Later Pyrrhonian modes more clearly isolate the basic epistemological issues which are raised by the traditional ten modes. The five modes of Agrippa (date unknown; later than Aenesidemus), discussed at PH 1.164-77 (which are analyzed in detail by Barnes) promote the suspension of judgment by invoking:

-- disagreement, for among philosophers and ordinary people there is interminable disagreement;

-- regress ad infinitum, for the skeptic asks for a proof of a claim, a proof of the reliability of this proof, and so on ad infinitum;

-- relativity, for things are relative to both one’s subjective nature and the concepts one employs in judging them;

-- hypothesis, for the skeptic does not allow us to take as our starting point something which is taken for granted;

-- circular reasoning, for the skeptic rejects proofs that are circular, as when sense impressions are used to establish the veracity of the senses.

The standard modes are reduced even further in a basic set of two modes propounded in the following section of the Outlines of Pyrrhonism (1.178-79). There it is argued that everything which is apprehended (as true) must be apprehended through itself or some other thing. But according to the Pyrrhonians, the first alternative is undermined by the "controversy among philosophers" and the second by a demand for justification which entails a regress ad infinitum which can be stopped only by claiming that something is apprehended as true in virtue of itself (a possibility undermined by the first mode).

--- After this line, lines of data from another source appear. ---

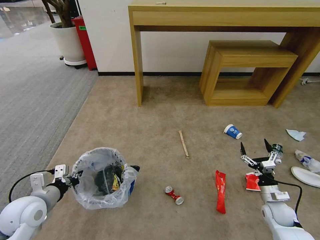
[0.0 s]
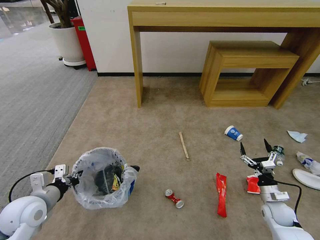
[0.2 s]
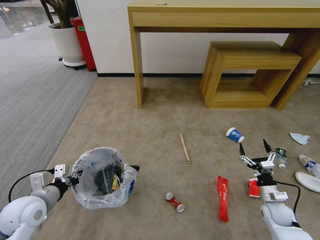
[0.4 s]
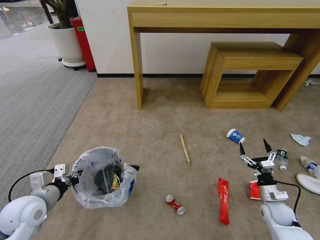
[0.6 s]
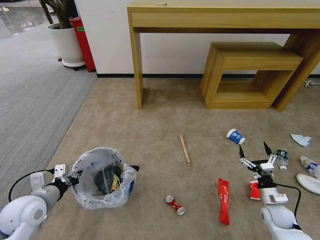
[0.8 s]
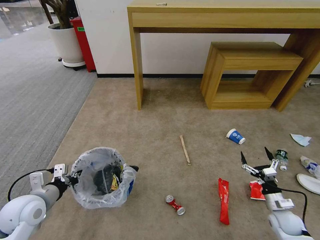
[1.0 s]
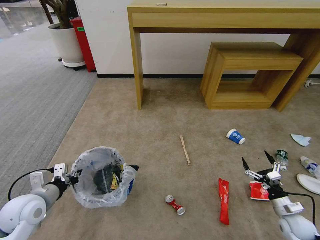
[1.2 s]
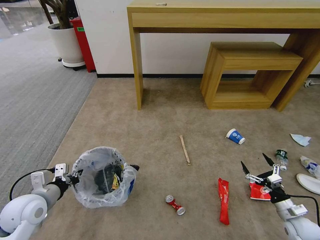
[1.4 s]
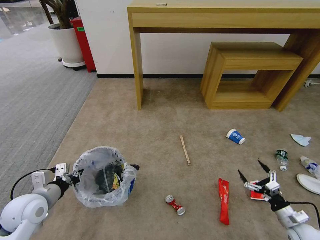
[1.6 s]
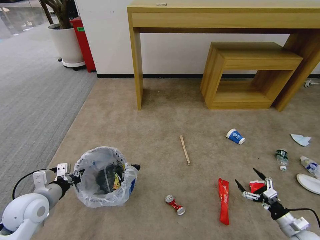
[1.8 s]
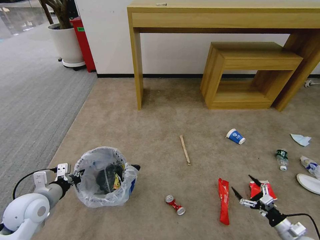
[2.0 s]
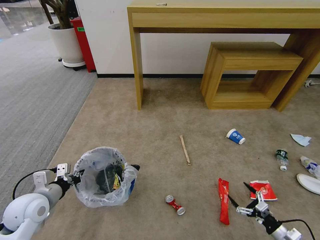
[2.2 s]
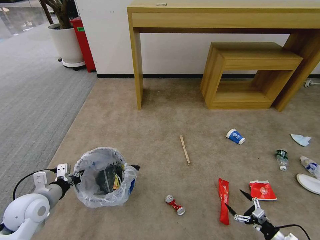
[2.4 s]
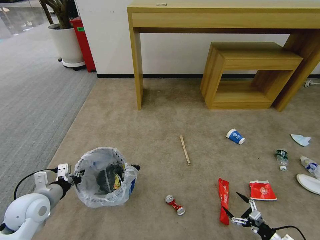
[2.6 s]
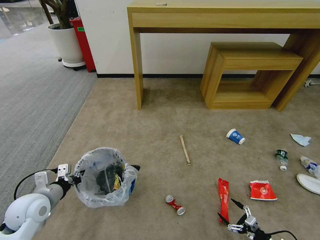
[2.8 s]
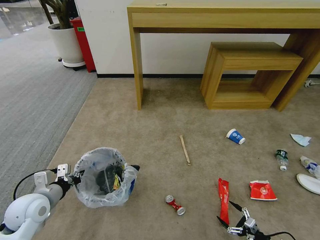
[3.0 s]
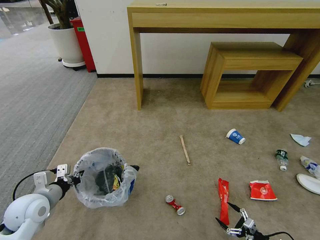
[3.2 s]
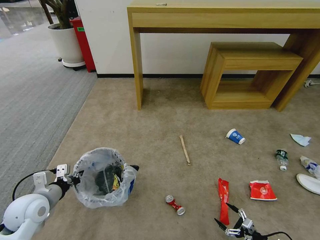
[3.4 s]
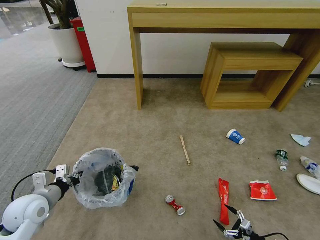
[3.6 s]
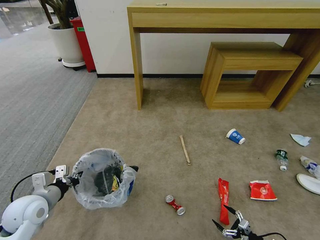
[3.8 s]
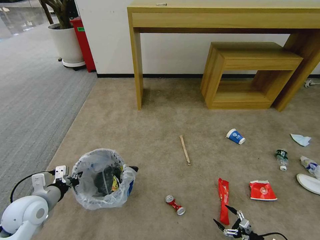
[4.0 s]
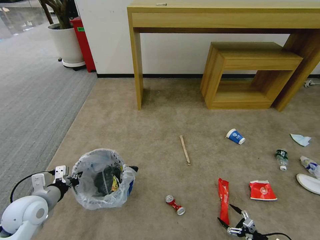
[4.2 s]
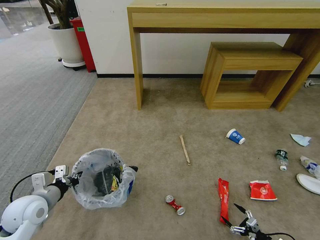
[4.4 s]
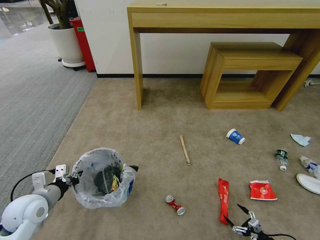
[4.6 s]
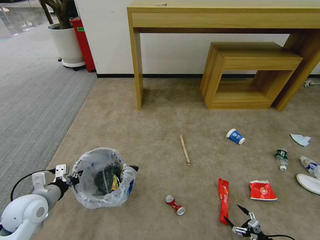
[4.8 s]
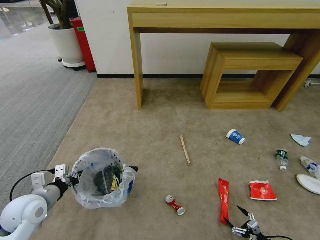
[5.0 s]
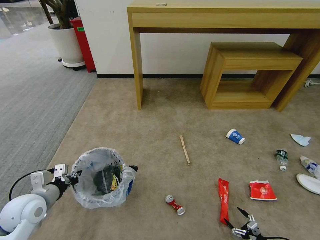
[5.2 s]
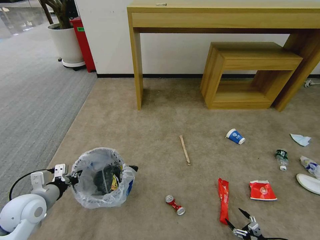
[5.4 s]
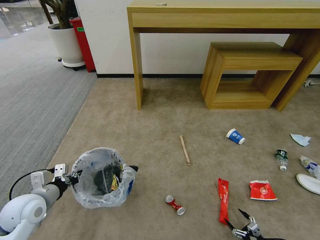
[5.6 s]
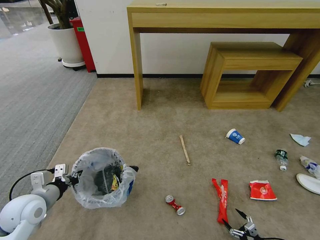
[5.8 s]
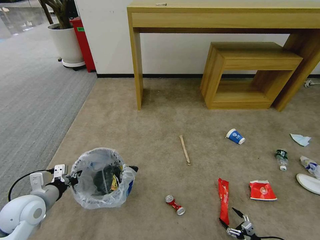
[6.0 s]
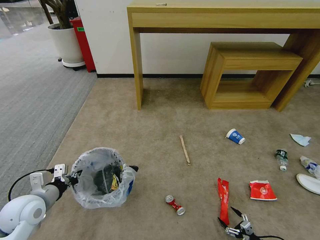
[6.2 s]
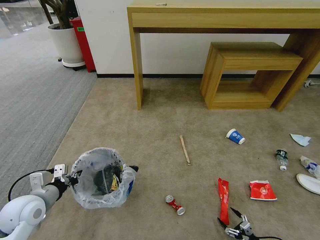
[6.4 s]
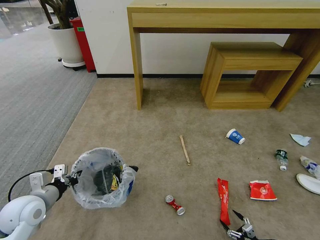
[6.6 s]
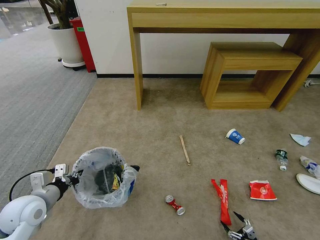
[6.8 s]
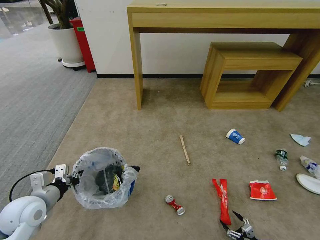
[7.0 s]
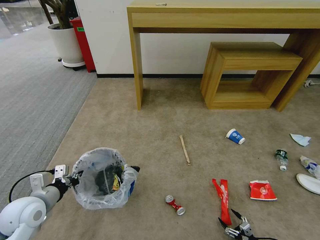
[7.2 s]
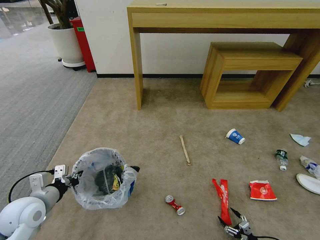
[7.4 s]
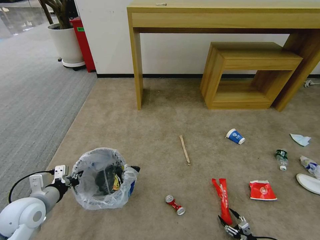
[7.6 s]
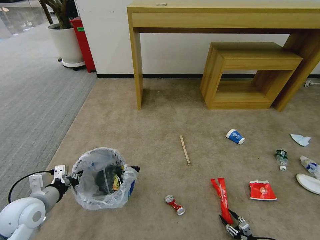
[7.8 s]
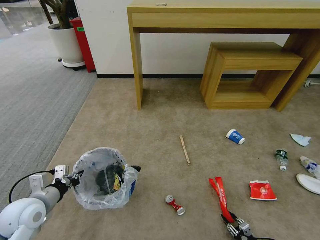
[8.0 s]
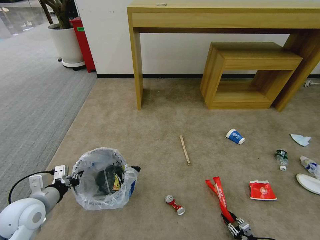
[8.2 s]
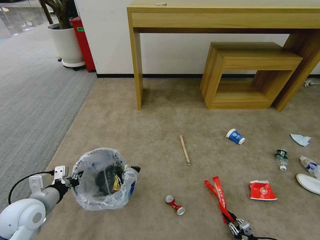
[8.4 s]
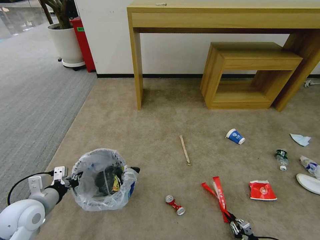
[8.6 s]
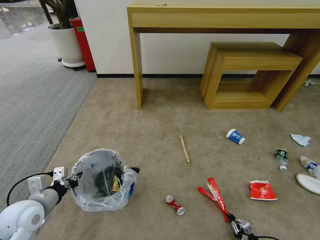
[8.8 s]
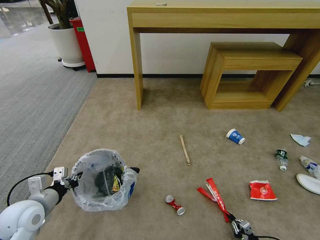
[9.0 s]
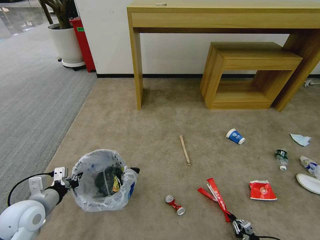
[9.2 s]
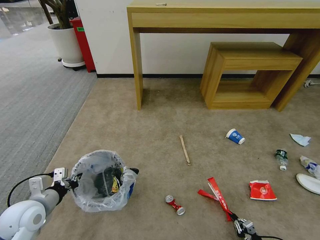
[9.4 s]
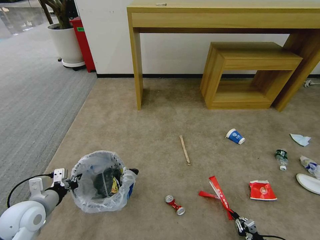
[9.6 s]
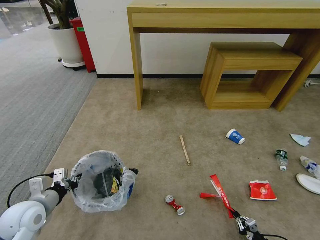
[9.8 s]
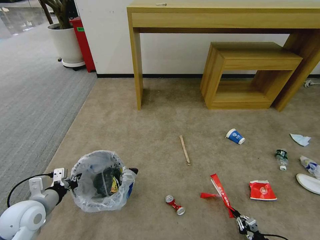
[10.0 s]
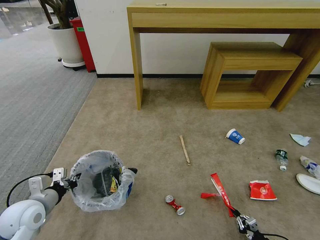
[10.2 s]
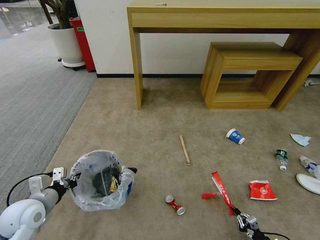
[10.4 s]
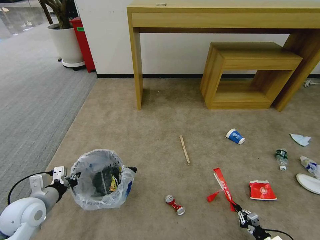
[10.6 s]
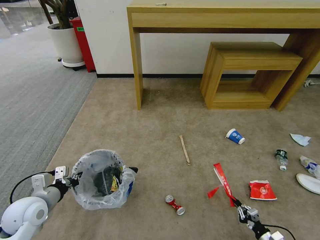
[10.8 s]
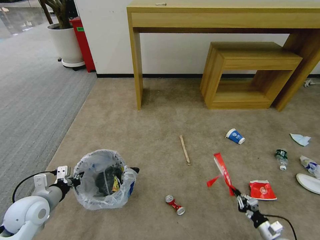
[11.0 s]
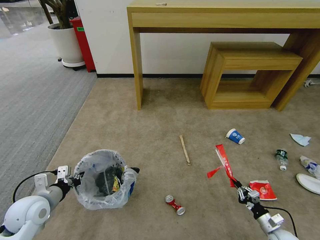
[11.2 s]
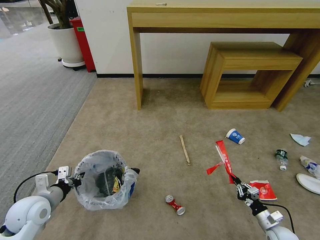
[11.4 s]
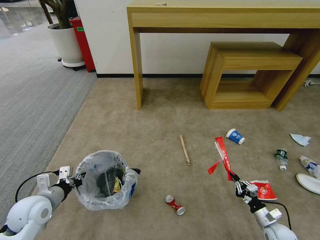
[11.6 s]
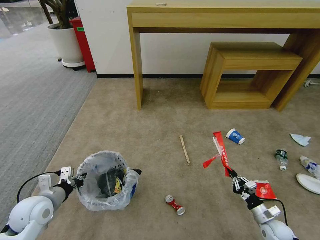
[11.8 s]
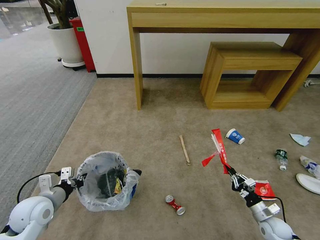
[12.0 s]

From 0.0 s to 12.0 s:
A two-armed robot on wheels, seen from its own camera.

The various sets of Pyrrhonian modes systematize ancient arguments against dogmatic philosophical positions, but we should not exaggerate the role they played in ancient skepticism. Judging by Sextus, they are usually backed -- and very frequently supplanted -- by an enormous catalogue of other, specific arguments which were used to argue for epoche on whatever topic happens to be at hand (space, time, the good, the gods, fate, the meaningfulness of standard conceptions of human nature, and so on and so forth). No encyclopedia article can fully convey the spirit of the seemingly endless assortment of claims and counter claims that Sextus is ready to marshal on any topic.

The Practical Criterion

In the midst of Sextus’ attack on other philosophers, it is easy to forget that he, like Pyrrho, proposed skepticism as a way of life (an agoge). Its practical merits are said to include its alleged ability to undermine useless and unfounded speculation which is claimed to characterize dogmatist philosophy. Like Hume, the later Pyrrhonians in this way attempt to supplant philosophical speculation with mundane matters of practical concern. The spirit of this rejection is well captured at PH 2.241-44, where Sextus condemns the convoluted arguments and conundrums of ancient dialectic:
As regards sophisms the exposure of which is useful, the dialectician will not have a word to say, but will propound such arguments as these -- "If it is not so that you both have fair horns and have horns, you have horns; but it is not so that you have fair horns and have horns, therefore you have horns." "If a thing moves, it moves either in the spot where it is or where it is not; but it neither moves in the spot where it is (for it is at rest) nor in that where it is not (for how could a thing be active in a spot where it does not so much as exist?); therefore nothing moves." "Either the existent becomes or the non-existent; now the existent does not become (for it exists); nor yet does the non-existent (for the becoming is passive but the non-existent is not passive); therefore nothing becomes." "Snow is frozen water; but water is black; therefore snow is black."

And when he has made a collection of such trash he draws his eyebrows together, and expounds Dialectic and endeavours very solemnly to establish for us by syllogistic proofs that a thing becomes, a thing moves, snow is white, and we do not have horns, although it is probably sufficient to confront the trash with the plain facts, smashing up their positive affirmation by means of equally weighty contradictory evidence derived from the appearances. (PH 2.241-44, Bury, revised, cf. Timon’s attitude reported in D.L. 9.111, 2.107)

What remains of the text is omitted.